From the first line of the data below, repeat each line exactly until you reach the line with "2. small box [40,152,310,380]"; include that line too.

## Data section
•••••

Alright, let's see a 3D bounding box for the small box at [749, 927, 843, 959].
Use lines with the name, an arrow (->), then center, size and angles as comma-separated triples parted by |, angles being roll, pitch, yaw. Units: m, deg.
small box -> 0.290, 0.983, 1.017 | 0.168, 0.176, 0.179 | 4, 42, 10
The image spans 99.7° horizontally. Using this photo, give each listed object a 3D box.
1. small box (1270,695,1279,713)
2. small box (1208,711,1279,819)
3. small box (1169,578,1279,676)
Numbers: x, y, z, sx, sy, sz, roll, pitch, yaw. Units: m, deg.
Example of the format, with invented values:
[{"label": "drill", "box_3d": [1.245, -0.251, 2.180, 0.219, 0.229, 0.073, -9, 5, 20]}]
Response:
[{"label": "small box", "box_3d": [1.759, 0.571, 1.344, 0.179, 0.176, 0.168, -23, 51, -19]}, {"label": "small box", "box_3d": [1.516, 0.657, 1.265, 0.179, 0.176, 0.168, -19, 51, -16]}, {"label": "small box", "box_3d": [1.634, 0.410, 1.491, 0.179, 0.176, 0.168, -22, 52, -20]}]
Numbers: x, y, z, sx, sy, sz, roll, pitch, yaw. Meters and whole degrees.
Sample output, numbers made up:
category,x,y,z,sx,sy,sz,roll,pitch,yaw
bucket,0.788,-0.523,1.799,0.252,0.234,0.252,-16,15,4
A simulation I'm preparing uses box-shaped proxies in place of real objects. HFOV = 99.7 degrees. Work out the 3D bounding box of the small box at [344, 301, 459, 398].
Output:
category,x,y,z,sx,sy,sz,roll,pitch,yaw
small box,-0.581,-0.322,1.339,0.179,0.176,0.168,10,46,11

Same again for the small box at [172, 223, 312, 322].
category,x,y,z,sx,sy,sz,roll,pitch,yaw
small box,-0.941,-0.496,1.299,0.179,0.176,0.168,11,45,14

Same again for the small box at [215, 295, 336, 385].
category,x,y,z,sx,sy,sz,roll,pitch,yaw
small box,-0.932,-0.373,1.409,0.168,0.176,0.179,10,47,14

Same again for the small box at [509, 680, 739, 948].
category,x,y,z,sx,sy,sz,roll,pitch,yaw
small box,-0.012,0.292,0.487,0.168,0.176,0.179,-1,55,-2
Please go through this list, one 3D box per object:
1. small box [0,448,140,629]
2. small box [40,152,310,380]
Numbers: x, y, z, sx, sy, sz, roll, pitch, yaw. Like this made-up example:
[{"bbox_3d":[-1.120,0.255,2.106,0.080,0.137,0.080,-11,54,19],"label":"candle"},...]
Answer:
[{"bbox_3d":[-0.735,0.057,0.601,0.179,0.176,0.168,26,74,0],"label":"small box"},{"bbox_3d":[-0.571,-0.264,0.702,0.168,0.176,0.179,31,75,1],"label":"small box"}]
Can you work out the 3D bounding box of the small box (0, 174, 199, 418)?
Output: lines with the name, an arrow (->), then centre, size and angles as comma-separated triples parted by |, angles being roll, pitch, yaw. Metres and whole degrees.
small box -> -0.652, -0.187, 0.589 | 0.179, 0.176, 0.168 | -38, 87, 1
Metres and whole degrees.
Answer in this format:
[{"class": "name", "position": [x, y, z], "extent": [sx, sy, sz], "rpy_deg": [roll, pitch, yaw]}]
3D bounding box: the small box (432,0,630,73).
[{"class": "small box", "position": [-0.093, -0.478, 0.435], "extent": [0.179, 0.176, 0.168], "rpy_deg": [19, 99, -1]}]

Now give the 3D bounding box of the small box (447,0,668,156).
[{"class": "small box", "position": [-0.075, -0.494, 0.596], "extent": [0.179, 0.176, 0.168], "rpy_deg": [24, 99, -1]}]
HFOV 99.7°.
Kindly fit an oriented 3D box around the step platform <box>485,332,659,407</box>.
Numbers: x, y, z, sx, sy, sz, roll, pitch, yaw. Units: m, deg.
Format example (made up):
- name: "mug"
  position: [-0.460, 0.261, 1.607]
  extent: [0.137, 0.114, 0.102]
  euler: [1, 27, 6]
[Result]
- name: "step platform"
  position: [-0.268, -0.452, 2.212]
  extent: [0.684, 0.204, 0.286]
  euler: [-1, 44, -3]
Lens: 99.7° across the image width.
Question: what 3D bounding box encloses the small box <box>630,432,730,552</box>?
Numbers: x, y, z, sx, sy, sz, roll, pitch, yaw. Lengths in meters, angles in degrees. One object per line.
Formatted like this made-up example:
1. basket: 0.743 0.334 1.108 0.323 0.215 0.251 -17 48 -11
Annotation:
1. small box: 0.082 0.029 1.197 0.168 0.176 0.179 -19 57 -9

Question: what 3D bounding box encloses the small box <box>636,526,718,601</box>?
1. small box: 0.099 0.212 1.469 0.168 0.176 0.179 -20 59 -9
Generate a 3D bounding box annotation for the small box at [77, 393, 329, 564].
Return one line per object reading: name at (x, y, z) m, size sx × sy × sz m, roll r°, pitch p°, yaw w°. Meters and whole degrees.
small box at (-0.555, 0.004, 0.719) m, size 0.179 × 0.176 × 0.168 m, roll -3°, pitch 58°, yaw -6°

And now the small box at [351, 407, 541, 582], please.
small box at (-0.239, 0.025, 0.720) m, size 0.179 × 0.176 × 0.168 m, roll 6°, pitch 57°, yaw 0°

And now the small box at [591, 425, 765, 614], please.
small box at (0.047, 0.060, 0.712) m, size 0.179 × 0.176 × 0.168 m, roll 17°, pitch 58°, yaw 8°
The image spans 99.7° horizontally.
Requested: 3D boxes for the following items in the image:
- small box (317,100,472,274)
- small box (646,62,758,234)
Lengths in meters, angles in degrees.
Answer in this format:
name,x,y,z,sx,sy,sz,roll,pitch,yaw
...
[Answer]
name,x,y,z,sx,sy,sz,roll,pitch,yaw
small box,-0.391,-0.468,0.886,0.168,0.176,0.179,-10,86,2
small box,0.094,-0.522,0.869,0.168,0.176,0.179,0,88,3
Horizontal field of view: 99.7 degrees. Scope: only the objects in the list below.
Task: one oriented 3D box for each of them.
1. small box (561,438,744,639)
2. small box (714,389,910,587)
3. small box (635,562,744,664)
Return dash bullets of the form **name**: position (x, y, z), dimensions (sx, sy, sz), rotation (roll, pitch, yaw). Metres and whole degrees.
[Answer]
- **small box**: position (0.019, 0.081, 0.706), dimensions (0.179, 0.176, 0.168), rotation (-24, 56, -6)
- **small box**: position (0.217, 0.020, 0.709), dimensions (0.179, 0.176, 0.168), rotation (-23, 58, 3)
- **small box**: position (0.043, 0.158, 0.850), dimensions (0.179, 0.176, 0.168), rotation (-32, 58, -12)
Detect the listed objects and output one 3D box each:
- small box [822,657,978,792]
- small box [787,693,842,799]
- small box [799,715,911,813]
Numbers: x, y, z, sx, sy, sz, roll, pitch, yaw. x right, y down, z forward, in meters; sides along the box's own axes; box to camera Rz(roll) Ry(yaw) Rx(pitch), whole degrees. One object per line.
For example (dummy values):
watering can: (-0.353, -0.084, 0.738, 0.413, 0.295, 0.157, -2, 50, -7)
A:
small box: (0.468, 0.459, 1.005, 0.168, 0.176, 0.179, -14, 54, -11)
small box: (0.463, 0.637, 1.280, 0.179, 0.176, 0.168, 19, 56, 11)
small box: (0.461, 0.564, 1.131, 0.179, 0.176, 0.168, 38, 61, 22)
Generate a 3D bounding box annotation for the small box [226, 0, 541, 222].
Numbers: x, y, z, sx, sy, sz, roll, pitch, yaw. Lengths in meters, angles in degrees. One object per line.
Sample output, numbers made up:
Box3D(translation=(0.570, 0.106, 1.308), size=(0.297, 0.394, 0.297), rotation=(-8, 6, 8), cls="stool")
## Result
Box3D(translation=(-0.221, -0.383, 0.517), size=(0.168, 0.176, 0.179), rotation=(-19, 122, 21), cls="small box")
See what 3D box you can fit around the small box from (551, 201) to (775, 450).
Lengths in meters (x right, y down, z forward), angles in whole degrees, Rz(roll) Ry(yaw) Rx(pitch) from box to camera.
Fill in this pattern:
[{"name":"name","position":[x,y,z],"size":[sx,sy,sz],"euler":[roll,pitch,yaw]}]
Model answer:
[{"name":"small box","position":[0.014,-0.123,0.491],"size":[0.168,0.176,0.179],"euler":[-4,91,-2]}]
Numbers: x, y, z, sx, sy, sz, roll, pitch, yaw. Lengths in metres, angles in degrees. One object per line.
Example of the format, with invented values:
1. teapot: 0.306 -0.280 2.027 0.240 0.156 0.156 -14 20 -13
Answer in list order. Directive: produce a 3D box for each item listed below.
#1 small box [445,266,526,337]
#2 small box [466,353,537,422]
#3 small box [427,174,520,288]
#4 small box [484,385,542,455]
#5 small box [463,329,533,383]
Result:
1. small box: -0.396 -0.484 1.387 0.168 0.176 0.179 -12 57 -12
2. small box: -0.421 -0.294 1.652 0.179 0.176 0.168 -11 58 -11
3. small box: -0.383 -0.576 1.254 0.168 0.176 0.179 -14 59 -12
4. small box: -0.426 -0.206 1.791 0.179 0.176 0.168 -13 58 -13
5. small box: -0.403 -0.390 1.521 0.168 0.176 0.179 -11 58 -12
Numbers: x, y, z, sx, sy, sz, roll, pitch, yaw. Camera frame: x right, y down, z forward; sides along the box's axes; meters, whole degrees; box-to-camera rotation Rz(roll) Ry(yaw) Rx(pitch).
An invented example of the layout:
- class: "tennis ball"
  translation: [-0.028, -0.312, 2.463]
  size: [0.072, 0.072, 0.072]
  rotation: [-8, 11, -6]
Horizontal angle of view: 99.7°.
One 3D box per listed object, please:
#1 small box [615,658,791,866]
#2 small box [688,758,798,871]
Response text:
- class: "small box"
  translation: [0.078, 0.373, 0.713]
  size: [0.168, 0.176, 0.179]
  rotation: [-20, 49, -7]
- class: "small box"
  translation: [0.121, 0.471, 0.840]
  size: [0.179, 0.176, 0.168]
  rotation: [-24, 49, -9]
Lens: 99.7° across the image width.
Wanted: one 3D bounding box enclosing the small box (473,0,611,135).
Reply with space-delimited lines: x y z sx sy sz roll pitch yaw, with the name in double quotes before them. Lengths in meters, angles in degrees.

•••••

## Result of the exercise
Alright, let's see a 3D bounding box for the small box at [749, 927, 843, 959].
Use lines with the name, an arrow (->), then center, size and angles as comma-separated triples parted by |, angles being roll, pitch, yaw. Units: m, deg.
small box -> 0.290, 0.983, 1.017 | 0.168, 0.176, 0.179 | 4, 42, 10
The image spans 99.7° horizontally. Using this photo, give each listed object a 3D box.
1. small box (1270,695,1279,713)
2. small box (1208,711,1279,819)
3. small box (1169,578,1279,676)
Numbers: x, y, z, sx, sy, sz, roll, pitch, yaw. Units: m, deg.
Example of the format, with invented values:
[{"label": "drill", "box_3d": [1.245, -0.251, 2.180, 0.219, 0.229, 0.073, -9, 5, 20]}]
Response:
[{"label": "small box", "box_3d": [1.759, 0.571, 1.344, 0.179, 0.176, 0.168, -23, 51, -19]}, {"label": "small box", "box_3d": [1.516, 0.657, 1.265, 0.179, 0.176, 0.168, -19, 51, -16]}, {"label": "small box", "box_3d": [1.634, 0.410, 1.491, 0.179, 0.176, 0.168, -22, 52, -20]}]
Numbers: x, y, z, sx, sy, sz, roll, pitch, yaw. Meters and whole degrees.
Sample output, numbers made up:
category,x,y,z,sx,sy,sz,roll,pitch,yaw
bucket,0.788,-0.523,1.799,0.252,0.234,0.252,-16,15,4
A simulation I'm preparing uses box-shaped proxies in place of real objects. HFOV = 99.7 degrees. Work out the 3D bounding box of the small box at [344, 301, 459, 398].
Output:
category,x,y,z,sx,sy,sz,roll,pitch,yaw
small box,-0.581,-0.322,1.339,0.179,0.176,0.168,10,46,11

Same again for the small box at [172, 223, 312, 322].
category,x,y,z,sx,sy,sz,roll,pitch,yaw
small box,-0.941,-0.496,1.299,0.179,0.176,0.168,11,45,14

Same again for the small box at [215, 295, 336, 385].
category,x,y,z,sx,sy,sz,roll,pitch,yaw
small box,-0.932,-0.373,1.409,0.168,0.176,0.179,10,47,14

Same again for the small box at [509, 680, 739, 948].
category,x,y,z,sx,sy,sz,roll,pitch,yaw
small box,-0.012,0.292,0.487,0.168,0.176,0.179,-1,55,-2
Please go through this list, one 3D box per object:
1. small box [0,448,140,629]
2. small box [40,152,310,380]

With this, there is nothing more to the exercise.